Gains in big-cap technology stocks, including iPhone maker Apple and BlackBerry maker Research in Motion, which rebounded after a 14.5 percent drop Wednesday, helped lift Nasdaq.

Apple ranked as the top gainer on Nasdaq, ending up 2.5 percent to US$99.27.

The decline in the S&P 500 pushed it to near three-month lows earlier in the session, and the index is now up more than 12 percent from the bear-market intraday low set in Nov. 21.

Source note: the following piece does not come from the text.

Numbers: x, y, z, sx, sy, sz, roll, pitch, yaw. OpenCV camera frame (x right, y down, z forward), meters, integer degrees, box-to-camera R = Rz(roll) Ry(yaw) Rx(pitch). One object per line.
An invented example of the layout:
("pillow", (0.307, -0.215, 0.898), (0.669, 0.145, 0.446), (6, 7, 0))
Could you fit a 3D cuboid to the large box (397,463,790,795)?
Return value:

The KBW Bank index fell 2.8 percent and the S&P Financial Index shed 1.3 after earlier falling by over 6 percent and 7 percent, respectively.

Investors have grown increasingly wary of the government plan to cleanse the financial sector of toxic assets that have constrained lending, deepening the recession.

Among banking shares, Citigroup fell 2.2 percent to US$3.61; Wells Fargo, fell 4 percent at US$16.80, and Bank of America dipped 3.3 percent to US$5.87, each well above their session lows.

Government data showing that the number of people staying on unemployment benefits after drawing an initial week of aid hit a record in the last week of January, which underscored the toll of the 14-month-old recession on the labor market.

Volume was moderate on the New York Stock Exchange, where about 1.48 billion shares changed hands, roughly in line with last year's estimated daily average volume of 1.49 billion shares. On the Nasdaq, about 2.47 billion shares traded, slightly above last year's daily average of 2.28 billion.

Decliners outnumbered advancers on the NYSE by a ratio of about 11 to 10, while on the Nasdaq, the ratio was about even.